Welcome to the Proto-Value Functions (PVF) research website. Proto-value functions are automatically learned basis functions that are useful in approximating task-specific value functions and compactly representing powers of transition matrices. Applications of proto-value functions include solving Markov decision processes, new algorithms for reinforcement learning, and planning.

An example of a how proto-value functions reflect large-scale geometric structure of an environment. A three-room "grid-world" and a corresponding Laplacian (or Fourier) proto-value basis function is shown. Note how the PVF captures the structure inherent to the state space. These bais functions are task-independent, and can support the learning of multiple tasks in this environment.

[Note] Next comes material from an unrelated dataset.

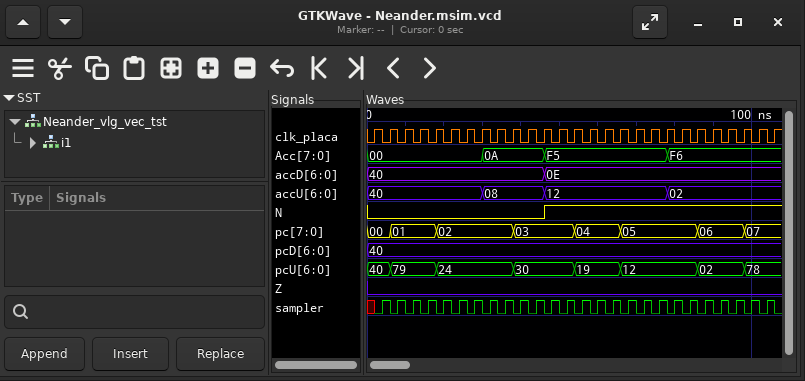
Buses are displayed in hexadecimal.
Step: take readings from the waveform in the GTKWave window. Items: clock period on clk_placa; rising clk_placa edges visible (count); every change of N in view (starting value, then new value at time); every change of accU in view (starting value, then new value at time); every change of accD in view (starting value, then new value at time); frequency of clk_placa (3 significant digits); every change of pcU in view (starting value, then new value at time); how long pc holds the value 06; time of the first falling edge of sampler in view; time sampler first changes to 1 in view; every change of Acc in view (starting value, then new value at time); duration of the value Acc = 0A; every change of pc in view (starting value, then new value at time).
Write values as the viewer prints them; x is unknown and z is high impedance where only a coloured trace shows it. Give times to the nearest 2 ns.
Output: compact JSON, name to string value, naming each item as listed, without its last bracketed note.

Proto-Value functions are a novel framework for solving the credit assignment problem, which is a fundamental challenge facing any AI system. The framework provides a unified approach to learning both representation and behavior. It provides a novel way of solving Markov decision processes and reinforcement learning problems, using multiscale spectral and manifold learning methods. Previous work on manifold and spectral methods have largely focused on dimensionality reduction, (semi-) supervised learning and clustering. Furthermore, manifold and spectral techniques have mostly focused on Laplacian or Fourier-based global approaches.

Laplacian proto-value functions are learned by constructing a directed or undirected graph connecting "nearby" states or state action pairs, and diagonalizing the random walk matrix representing the Markov diffusion process on the graph. These basis functions are eigenvector based, global in nature, whose support is the entire state space. In contrast, diffusion wavelet proto-value functions are formed by doing a multiscale diffusion analysis of the random walk diffusion matrix. In this approach, the basis functions constructed are compact, and represent an integrated temporal and spatial abstraction of the underlying diffusion process.

Together, the Laplacian and wavelet based manifold learning methods hold the promise of a new generation of powerful tools for solving MDPs and RL, including ways of approximating value functions that respect geodesic distances on the underlying manifold; faster methods of policy evaluation and novel variants of policy iteration where both the representation and optimal policy can be simultaneously learned; algorithms for hierarchical reinforcement learning where the underlying hierarchy is automatically learned; novel approaches to transfer learning by transferring shared representations; and enabling reinforcement learning methods without requiring (task-specific) rewards.